As of December 31, 2017, the Company had an aggregate of 2,983,666 outstanding warrants to purchase shares of its common stock with a weighted average exercise price of $0.37, weighted average remaining life of 0.9 years and aggregate intrinsic value of $1,293,512, based upon a stock valuation of $0.88 per share. The intrinsic value is calculated as the difference between the market value of the underlying common stock and the exercise price of the warrants.SIGNATURES

Stock Options

On September 30, 2017, the Company entered into a consulting agreement pursuant to which the Company issued a total of 1,250,000 common stock options. 650,000 of the options vested immediately and the remaining will vest ratably over the next twelve months on a quarterly basis. The options are non-qualified, have an exercise price of $1.00 per share, and will expire after 5 years. The options were valued in total at $934,804 based upon the Black-Scholes option-pricing model, with a stock price of $0.75, volatility of 123%, and an average risk-free rate of 1.63%. Based upon a graded vesting schedule, $878,818 has been recorded as stock compensation in the Company’s condensed consolidated statement of operations during the twelve months ended December 31, 2017.

On November 10, 2017, the Company issued 125,000 common stock options to an employee. The options vested immediately. The options are non-qualified, have an exercise price of $1.15 per share, and will expire after 10 years. The options were valued in total at $143,750 based upon the Black-Scholes option-pricing model, with a stock price of $1.15, volatility of 123%, and an average risk-free rate of 2.01%. $143,750 has been recorded as stock compensation in the Company’s condensed consolidated statement of operations during the twelve months ended December 31, 2017.

On December 30, 2017, the Company entered into a consulting agreement pursuant to which the Company issued a total of 750,000 common stock options. 250,000 of the options vested immediately and the remaining will vest ratably over the next six months on a quarterly basis.
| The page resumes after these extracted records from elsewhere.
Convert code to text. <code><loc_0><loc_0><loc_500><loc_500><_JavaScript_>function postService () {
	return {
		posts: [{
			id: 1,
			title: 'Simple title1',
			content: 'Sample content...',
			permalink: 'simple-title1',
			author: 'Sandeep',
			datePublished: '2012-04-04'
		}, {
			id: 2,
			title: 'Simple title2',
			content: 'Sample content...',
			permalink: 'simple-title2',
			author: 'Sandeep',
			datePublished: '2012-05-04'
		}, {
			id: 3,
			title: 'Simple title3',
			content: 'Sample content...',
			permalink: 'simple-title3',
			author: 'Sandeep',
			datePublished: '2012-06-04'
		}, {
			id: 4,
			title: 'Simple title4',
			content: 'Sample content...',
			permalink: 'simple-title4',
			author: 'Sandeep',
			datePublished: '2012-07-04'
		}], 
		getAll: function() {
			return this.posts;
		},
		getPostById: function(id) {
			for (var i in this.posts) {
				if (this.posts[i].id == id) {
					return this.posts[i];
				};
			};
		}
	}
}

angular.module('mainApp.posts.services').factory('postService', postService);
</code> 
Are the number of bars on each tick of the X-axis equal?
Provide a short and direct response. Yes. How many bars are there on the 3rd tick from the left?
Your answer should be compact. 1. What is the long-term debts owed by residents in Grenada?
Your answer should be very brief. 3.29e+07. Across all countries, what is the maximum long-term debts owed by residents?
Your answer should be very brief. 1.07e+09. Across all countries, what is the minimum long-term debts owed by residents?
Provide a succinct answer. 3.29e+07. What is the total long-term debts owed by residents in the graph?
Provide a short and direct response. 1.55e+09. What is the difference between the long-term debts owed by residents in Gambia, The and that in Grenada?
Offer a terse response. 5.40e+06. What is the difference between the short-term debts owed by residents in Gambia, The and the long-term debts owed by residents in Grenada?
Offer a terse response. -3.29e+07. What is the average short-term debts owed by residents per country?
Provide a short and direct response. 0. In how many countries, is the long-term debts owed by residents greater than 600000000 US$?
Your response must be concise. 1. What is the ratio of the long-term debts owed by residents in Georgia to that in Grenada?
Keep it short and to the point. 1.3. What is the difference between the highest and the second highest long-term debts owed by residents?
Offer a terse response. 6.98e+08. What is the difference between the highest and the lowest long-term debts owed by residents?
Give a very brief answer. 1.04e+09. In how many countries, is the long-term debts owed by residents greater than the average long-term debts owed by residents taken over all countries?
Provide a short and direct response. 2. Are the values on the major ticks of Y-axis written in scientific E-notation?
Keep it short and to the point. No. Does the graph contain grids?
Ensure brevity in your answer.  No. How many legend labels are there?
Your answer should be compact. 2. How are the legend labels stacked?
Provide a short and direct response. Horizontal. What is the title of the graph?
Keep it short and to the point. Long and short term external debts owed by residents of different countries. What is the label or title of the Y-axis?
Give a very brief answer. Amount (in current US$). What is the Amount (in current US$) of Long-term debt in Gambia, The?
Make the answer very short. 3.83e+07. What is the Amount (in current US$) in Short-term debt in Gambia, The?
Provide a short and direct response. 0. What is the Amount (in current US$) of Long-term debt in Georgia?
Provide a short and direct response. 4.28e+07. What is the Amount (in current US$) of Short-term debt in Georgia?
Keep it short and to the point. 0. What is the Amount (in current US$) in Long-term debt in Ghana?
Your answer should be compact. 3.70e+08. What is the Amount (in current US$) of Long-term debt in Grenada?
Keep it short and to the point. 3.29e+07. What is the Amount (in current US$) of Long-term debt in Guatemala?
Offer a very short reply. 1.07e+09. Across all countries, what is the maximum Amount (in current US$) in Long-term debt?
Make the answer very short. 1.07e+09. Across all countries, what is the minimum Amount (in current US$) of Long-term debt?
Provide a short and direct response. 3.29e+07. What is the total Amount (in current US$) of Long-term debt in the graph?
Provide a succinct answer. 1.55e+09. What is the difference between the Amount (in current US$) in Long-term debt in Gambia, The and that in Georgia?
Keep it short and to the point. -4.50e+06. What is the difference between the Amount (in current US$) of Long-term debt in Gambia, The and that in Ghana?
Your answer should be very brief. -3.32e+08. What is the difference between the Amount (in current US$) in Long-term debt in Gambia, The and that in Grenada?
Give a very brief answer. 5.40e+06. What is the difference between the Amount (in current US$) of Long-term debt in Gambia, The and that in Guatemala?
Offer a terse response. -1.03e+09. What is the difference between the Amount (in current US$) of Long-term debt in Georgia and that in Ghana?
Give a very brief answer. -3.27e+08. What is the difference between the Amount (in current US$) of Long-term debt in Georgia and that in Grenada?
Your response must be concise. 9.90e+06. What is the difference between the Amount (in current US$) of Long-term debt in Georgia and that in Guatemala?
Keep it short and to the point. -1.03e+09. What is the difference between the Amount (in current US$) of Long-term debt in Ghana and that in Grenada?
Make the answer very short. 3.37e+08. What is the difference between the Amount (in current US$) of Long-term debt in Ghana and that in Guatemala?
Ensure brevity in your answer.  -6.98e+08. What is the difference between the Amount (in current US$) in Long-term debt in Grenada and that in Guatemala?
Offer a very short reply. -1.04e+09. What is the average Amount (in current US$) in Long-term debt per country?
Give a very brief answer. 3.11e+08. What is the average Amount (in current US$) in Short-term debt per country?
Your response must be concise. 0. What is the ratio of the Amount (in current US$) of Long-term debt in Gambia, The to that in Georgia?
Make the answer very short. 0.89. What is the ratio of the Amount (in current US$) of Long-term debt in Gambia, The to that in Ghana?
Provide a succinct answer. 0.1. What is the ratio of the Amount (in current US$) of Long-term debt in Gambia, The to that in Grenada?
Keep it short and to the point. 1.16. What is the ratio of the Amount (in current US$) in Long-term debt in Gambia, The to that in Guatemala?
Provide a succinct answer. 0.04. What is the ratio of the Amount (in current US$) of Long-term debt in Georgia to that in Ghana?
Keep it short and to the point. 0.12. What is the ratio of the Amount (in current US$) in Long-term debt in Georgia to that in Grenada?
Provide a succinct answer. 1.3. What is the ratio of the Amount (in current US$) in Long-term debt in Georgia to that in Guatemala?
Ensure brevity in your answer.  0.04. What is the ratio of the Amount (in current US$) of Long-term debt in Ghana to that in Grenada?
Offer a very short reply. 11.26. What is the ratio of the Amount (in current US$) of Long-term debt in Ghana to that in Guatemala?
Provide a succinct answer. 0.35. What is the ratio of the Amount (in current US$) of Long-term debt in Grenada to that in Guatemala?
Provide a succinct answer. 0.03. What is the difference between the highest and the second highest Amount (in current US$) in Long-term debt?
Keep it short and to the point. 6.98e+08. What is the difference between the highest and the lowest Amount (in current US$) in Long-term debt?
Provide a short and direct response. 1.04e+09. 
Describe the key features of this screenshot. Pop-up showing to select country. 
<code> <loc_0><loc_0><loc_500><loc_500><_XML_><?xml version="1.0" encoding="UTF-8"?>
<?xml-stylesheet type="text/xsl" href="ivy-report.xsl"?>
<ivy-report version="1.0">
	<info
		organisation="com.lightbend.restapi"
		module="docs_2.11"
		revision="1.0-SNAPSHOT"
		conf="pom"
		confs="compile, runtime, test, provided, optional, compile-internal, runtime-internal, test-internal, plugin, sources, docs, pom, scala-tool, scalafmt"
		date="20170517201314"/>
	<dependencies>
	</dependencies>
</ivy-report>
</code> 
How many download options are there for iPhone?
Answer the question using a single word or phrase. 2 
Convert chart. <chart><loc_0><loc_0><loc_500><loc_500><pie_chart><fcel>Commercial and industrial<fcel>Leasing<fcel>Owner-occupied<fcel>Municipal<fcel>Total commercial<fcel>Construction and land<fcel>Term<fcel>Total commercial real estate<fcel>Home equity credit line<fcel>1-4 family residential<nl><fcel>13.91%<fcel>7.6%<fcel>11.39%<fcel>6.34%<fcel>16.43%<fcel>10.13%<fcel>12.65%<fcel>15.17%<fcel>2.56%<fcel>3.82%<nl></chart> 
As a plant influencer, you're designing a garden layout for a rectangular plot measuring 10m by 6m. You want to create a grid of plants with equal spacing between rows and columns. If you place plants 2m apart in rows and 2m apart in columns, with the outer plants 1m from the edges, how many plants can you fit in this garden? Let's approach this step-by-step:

The options are non-qualified, have an exercise price of $1.25 per share, and will expire after 5 years. The options were valued in total at $936,834 based upon the Black-Scholes option-pricing model, with a stock price of $1.25, volatility of 123%, and an average risk-free rate of 2.01%. Based upon a graded vesting schedule, $434,959 has been recorded as stock compensation in the Company’s condensed consolidated statement of operations during the twelve months ended December 31, 2017.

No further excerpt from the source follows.